Source data
==================================================
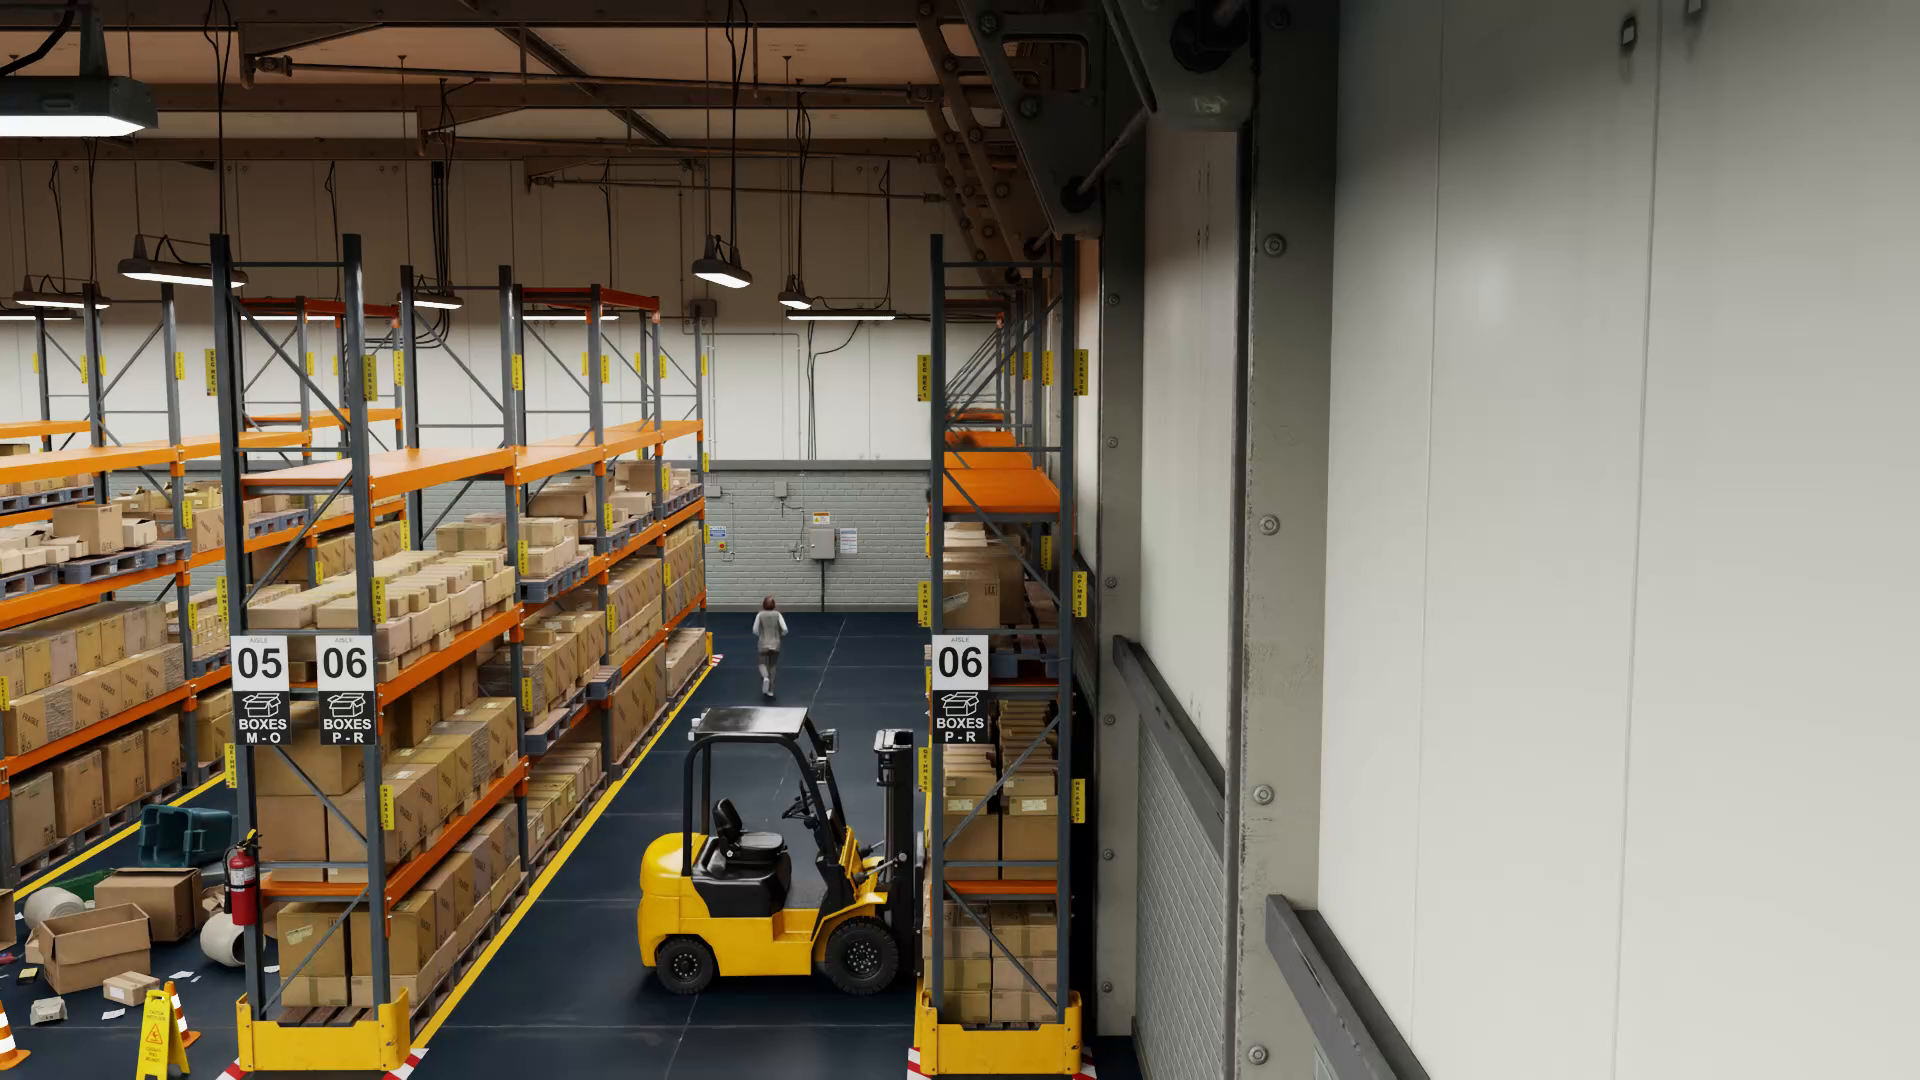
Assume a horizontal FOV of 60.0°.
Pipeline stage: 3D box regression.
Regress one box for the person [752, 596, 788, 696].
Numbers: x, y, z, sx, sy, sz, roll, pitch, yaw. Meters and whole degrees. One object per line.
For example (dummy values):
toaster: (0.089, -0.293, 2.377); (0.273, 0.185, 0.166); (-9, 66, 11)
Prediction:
==================================================
◆ **Directions**
From top to bottom, restate the records above exactly and omit every picture.

◆ **Solution**
Assume a horizontal FOV of 60.0°.
Pipeline stage: 3D box regression.
Regress one box for the person [752, 596, 788, 696].
Numbers: x, y, z, sx, sy, sz, roll, pitch, yaw. Meters and whole degrees. One object per line.
For example (dummy values):
toaster: (0.089, -0.293, 2.377); (0.273, 0.185, 0.166); (-9, 66, 11)
Prediction:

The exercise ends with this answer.